So, for this man to have been an invalid for 38 years suggests that he is not near death, but perhaps lame to the point of being almost helpless.
He explains to Jesus that he has no one to help him get into the water when it is disturbed, and apparently by the time he is able to maneuver his way there, someone else beats him into the pool. He is, in other words, virutally helpless.
We have to ask ourselves, “How does he get to the pool, if no one is there to put him in.” Perhaps he has a family, or a friend and each day this person, or these people bring him to the Pool of Bethesda. They may bring him early in the morning because they must then spend the rest of their day working to provide for their family. Maybe they leave him there each day with a small lunch, a quick prayer, and the promise to return for him that evening. We can only guess, but while at the Pool, he is alone.
The Question Jesus Asks and The Question The Man Answers
John tells us that Jesus saw the man lying by the Pool, and then Jesus must have asked either him or those around him, “How long has he been sick?” John says Jesus learned the man had been an invalid for 38 years.
Then Jesus asks the man a simple question — “Do you want to get well?”
Our first thought is, of course he wants to get well. But maybe not. Haven’t you known people who enjoyed their illness? Oh, not serious illness, but some kind of mysterious, chronic condition that they seem to enjoy talking about and which gives them some power or family position that they otherwise would not have.
So, Jesus is asking, “Do you want to get well?” As opposed to staying the way you are.
Here’s the funniest example of that in the Bible that I can think of. Remember from the book of Exodus, when Moses was trying to persuade Pharaoh let God’s people go free? Pharaoh was a tough guy and did not want to free the Hebrews who did the manual labor in his kingdom.
So, to get Pharaoh’s attention, God sends a series of plagues. Ten to be exact, and one of the plagues was the plague of frogs. That’s right, frogs. Apparently, there were frogs everywhere in Egypt.

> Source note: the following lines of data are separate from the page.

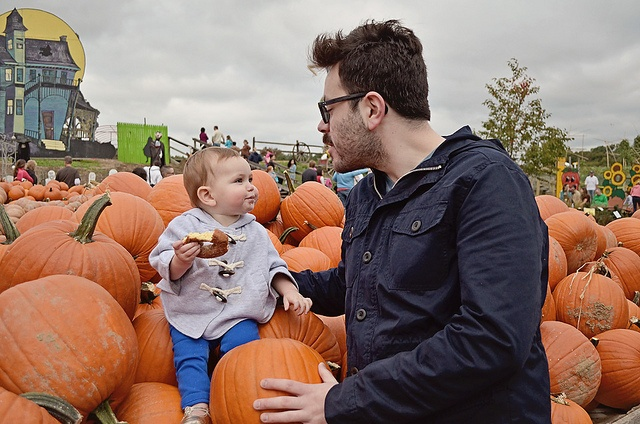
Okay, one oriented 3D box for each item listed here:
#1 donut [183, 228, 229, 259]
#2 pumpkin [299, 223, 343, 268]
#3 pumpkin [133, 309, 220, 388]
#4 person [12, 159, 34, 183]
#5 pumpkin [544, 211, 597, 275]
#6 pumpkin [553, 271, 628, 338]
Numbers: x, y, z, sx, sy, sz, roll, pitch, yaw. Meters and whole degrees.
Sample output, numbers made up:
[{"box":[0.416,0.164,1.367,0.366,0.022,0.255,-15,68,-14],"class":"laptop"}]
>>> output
[{"box":[-0.750,0.253,3.554,0.209,0.089,0.227,-9,-26,9],"class":"donut"},{"box":[0.030,0.336,5.733,0.377,0.398,0.398,-16,6,15],"class":"pumpkin"},{"box":[-0.986,0.986,3.698,0.424,0.460,0.431,5,-11,-25],"class":"pumpkin"},{"box":[-6.865,-0.932,12.265,0.399,0.530,1.137,0,6,-31],"class":"person"},{"box":[2.673,0.358,5.622,0.377,0.411,0.468,-31,-13,-2],"class":"pumpkin"},{"box":[2.798,0.918,5.469,0.601,0.626,0.635,17,-5,34],"class":"pumpkin"}]
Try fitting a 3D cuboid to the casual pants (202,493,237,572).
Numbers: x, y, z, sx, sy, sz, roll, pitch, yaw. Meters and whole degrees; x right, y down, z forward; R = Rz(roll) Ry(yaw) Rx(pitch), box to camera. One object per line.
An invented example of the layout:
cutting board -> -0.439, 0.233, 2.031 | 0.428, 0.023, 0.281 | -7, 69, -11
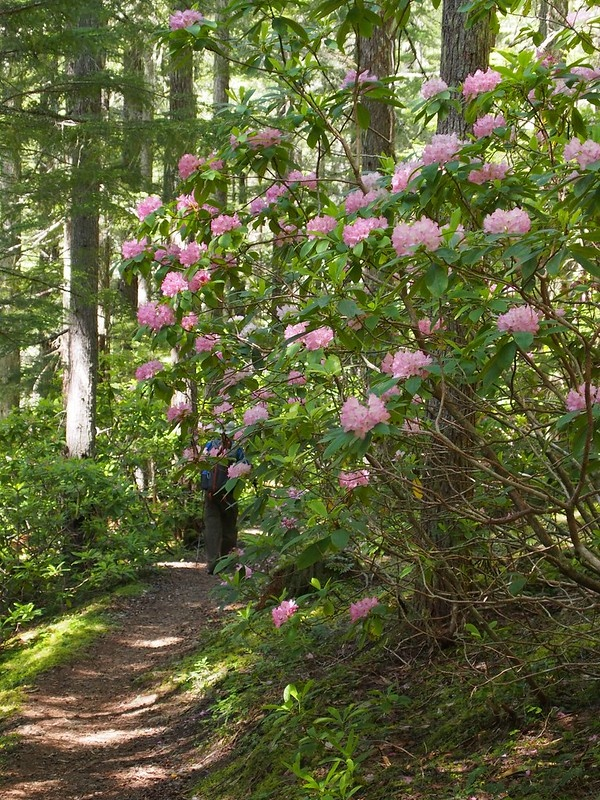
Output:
casual pants -> -0.824, 1.360, 8.836 | 0.376, 0.255, 1.125 | 9, 25, -15

Frogs in the garden, frogs in the living room, frogs in the kitchen, frogs in the soup, frogs in your bed. Everywhere you looked or stepped, every door you opened, every cupboard you went to, every jar you uncorked contained at least one frog.
So, Moses goes to Pharaoh, and says, “Pharaoh, I can make these frogs go away if you will let my people go.”
Pharaoh’s response is classic — “Okay, I’ll think about it. Give me one more night.” I preached a sermon one time called, “One More Night with the Frogs.” I think I might have borrowed the title from someone, but I thought it was a great story.
So, who knows what the lame man is going to say when Jesus asks him, “Do you want to get well?”
But rather than say, “You bet I do.” or “Absolutely, yes.” Or even “let me think about it one more night” the lame man begins this long elaborate explanation about why he can’t get well.
“Sir,” the invalid replied, “I have no one to help me into the pool when the water is stirred. While I am trying to get in, someone else goes down ahead of me.”
The lame man thought his fate rested on having someone to help him into the pool. He could not imagine another scenario, another way to be well. He had spent the past 38-years coming to the Pool of Bethesda because that was the only answer he could see to his problem.
Whatever doctors he had been to had given up on him, so he knew doctors were not going to make him well. The variety of herbal concoctions that his family and friends and neighbors had made for him had not done any good, so he knew the folk remedies weren’t going to make him well.
The poultices and ointments that others had given him recipes for had all failed to strengthen the ineffective muscles in his legs and body. He knew ointments weren’t going to make him well.
In a sense, the man had done what all of us need to do, he had thrown himself on the mercy of God, and he had come to the place called, “The House of Mercy” — beth means “house” and “chesda” — which is a derivative of “hesed” — means “mercy” or “grace.” He was in God’s hands, waiting for God’s angel to do what only God could do.
But what he hadn’t counted on was God himself showing up.
Jesus, I am sure realized that the man was answering the wrong question. The lame man was answering the question, “Why can’t you get well?” But the question Jesus asked him was, “Do you want to get well?” There is a difference.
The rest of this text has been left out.